Both UVA and UVB rays can cause sunburns and can lead to longer-term health effects such as skin cancers, premature skin aging and eye damage.

Because sunburn is primarily a UVB effect, it is possible for a sunscreen product to deliver high SPF while allowing a significant percentage of the incident UVA photons to reach the skin. To deliver true broad spectrum protection, products must also block a significant fraction of the UVA photons. In the U.S. market, this requires that the products contain significant levels of zinc oxide, avobenzone or titanium dioxide.

If you are concerned about certain sunscreen ingredients, you can select a formula that contains different active ingredients. As long as your sunscreen is broad-spectrum, water-resistant and has an SPF 30 or higher, it can effectively protect you from the sun.

How to select a sunscreen

The American Academy of Dermatology (AAD) recommends that everyone use sunscreen that offers the following:

  • Broad-spectrum protection (protects against UVA and UVB rays)
  • SPF 30 or higher
  • Water resistance or waterproof- This means the sunscreen provides protection while swimming or sweating for a certain amount of time—either 40 or 80 minutes, depending on the label.

The best type of sunscreen is the one that offers the benefits above. The type or brand you use is your choice. Sunscreen is available in lotions, creams, gels, ointments, wax sticks, and sprays. Just be aware that different sunscreens contain different ingredients. Avoid products that have ingredients that can irritate your skin.

Don’t rely on sunscreen alone

Using sunscreen when you are going out in the sun is important. But it is only one part of an overall plan to protect your skin from harmful UV rays. Other important ways to protect your skin include:

  • Seek shade when appropriate.
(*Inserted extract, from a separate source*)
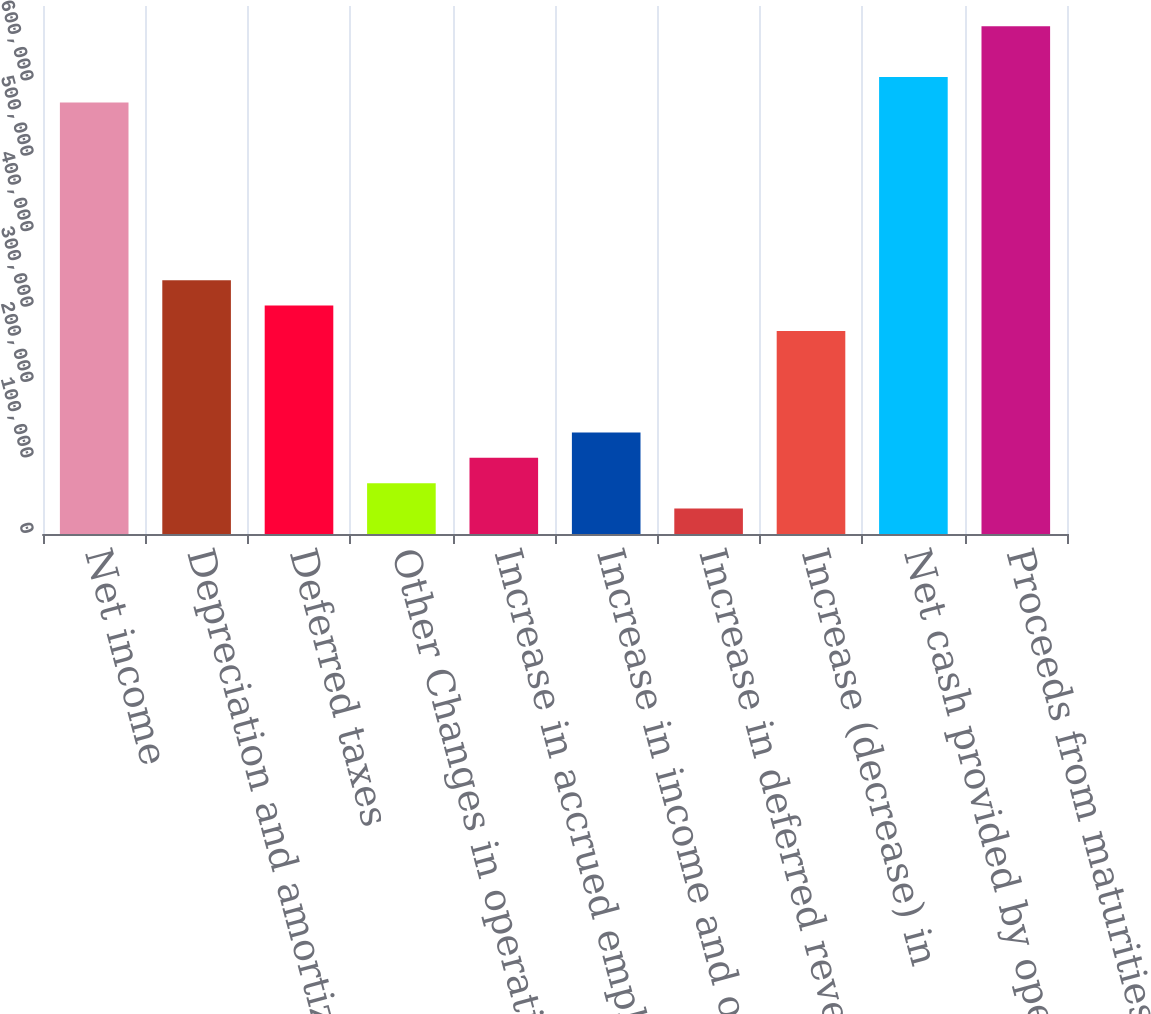Convert chart. <chart><loc_0><loc_0><loc_500><loc_500><bar_chart><fcel>Net income<fcel>Depreciation and amortization<fcel>Deferred taxes<fcel>Other Changes in operating<fcel>Increase in accrued employee<fcel>Increase in income and other<fcel>Increase in deferred revenue<fcel>Increase (decrease) in<fcel>Net cash provided by operating<fcel>Proceeds from maturities and<nl><fcel>572079<fcel>336533<fcel>302884<fcel>67337.8<fcel>100987<fcel>134637<fcel>33688.4<fcel>269234<fcel>605728<fcel>673027<nl></chart>

Limit your sun exposure between 10 a.m. and 4 p.m., when UV rays are the strongest.
  • Wear a hat with a wide brim and tightly woven clothing that covers most of your skin, as well as sunglasses.
  • Don’t use tanning beds or sunlamps.

Will using sunscreen limit the amount of vitamin D I get?

No, studies show that regular use of sunscreen is unlikely to decrease your skin’s production of vitamin D. Because the amount of vitamin D a person receives from the sun is inconsistent and increases the risk of skin cancer, the AAD recommends getting vitamin D from a healthy diet that includes foods naturally rich in vitamin D, foods and beverages fortified with vitamin D, and/or vitamin D supplements.

If you are concerned that you are not getting enough vitamin D, you should discuss your options for getting vitamin D with your doctor.